Dataset records:
=== Begin Enclosure ===
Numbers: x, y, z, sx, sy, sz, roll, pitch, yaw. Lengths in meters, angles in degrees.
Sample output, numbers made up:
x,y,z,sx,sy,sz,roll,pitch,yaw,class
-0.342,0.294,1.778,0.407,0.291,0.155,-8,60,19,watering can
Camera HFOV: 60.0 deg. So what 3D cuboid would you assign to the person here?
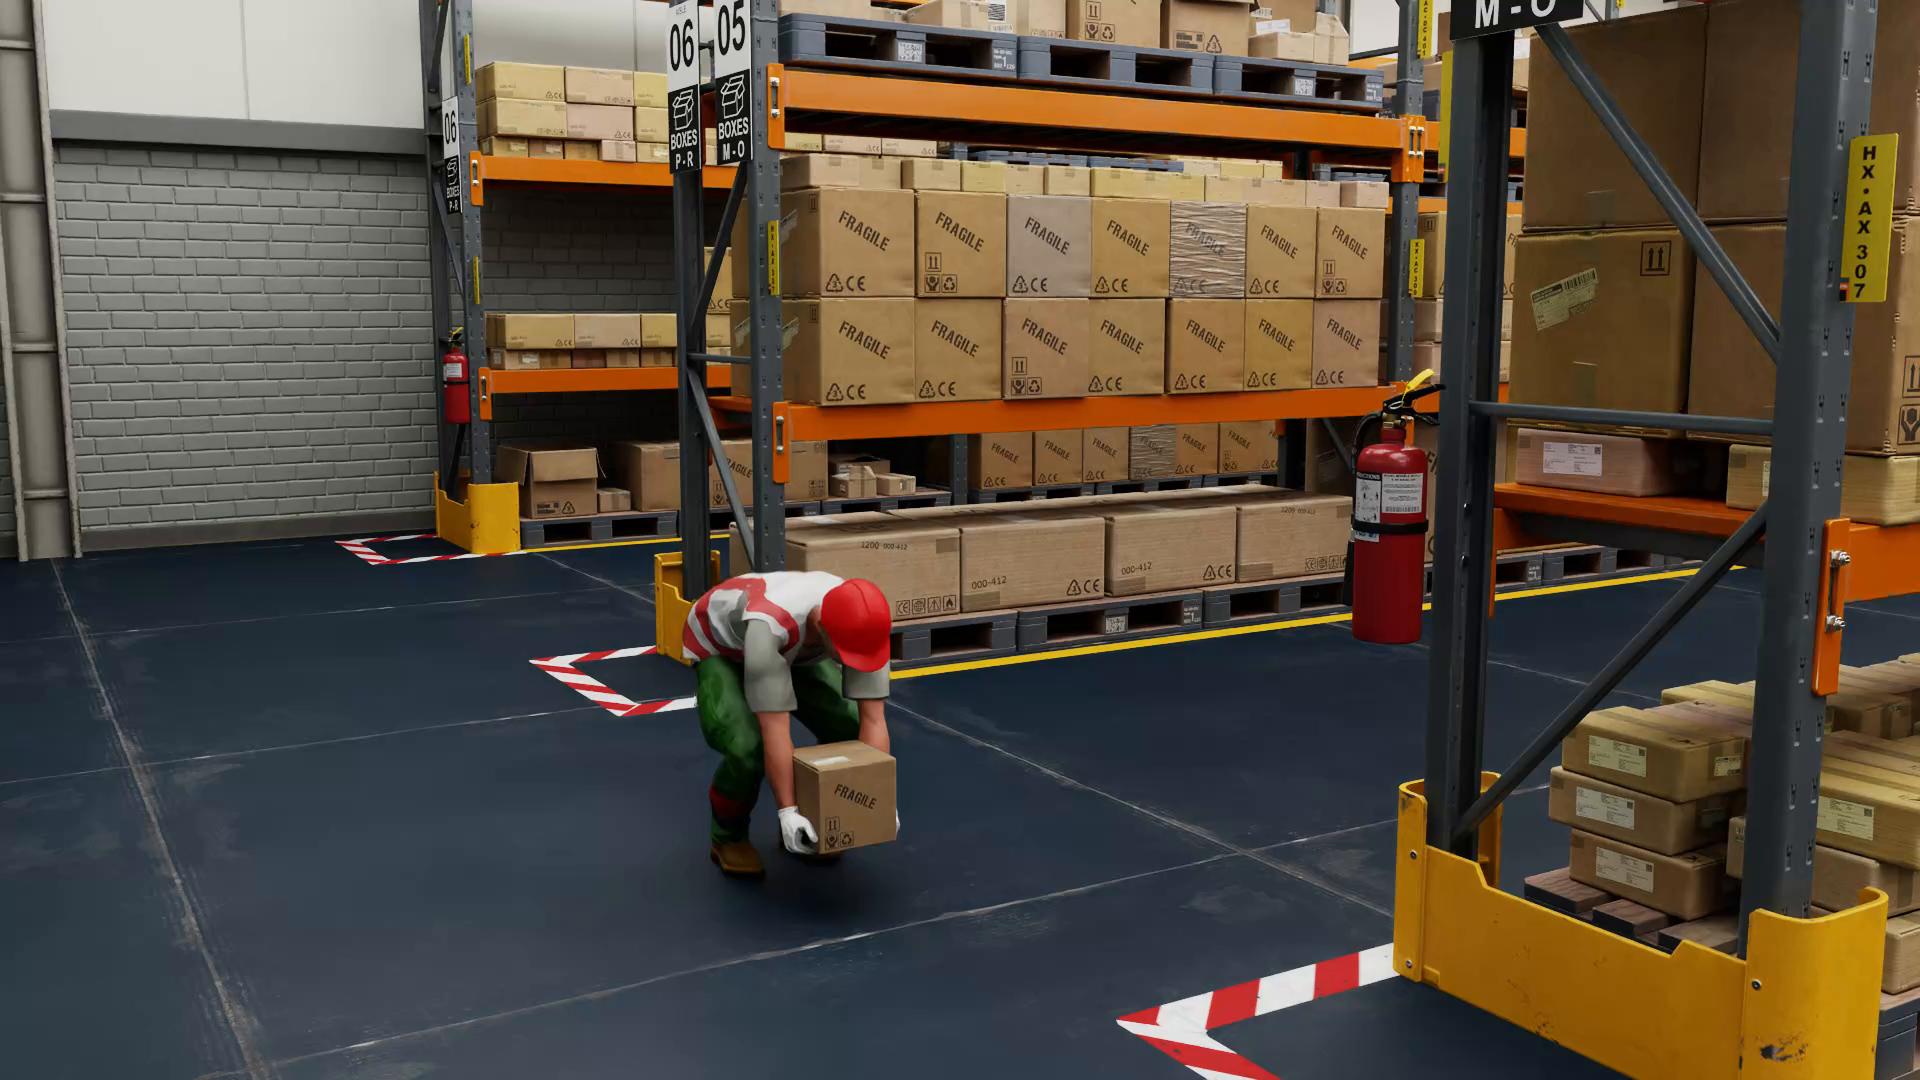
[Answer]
x,y,z,sx,sy,sz,roll,pitch,yaw,class
-0.511,0.558,5.151,0.535,0.987,0.950,-5,10,-33,person
=== End Enclosure ===
What is expected:
Reproduce the listing verbatim, and keep the pictures out of the copy.

Finished exercise:
Numbers: x, y, z, sx, sy, sz, roll, pitch, yaw. Lengths in meters, angles in degrees.
Sample output, numbers made up:
x,y,z,sx,sy,sz,roll,pitch,yaw,class
-0.342,0.294,1.778,0.407,0.291,0.155,-8,60,19,watering can
Camera HFOV: 60.0 deg. So what 3D cuboid would you assign to the person here?
[Answer]
x,y,z,sx,sy,sz,roll,pitch,yaw,class
-0.511,0.558,5.151,0.535,0.987,0.950,-5,10,-33,person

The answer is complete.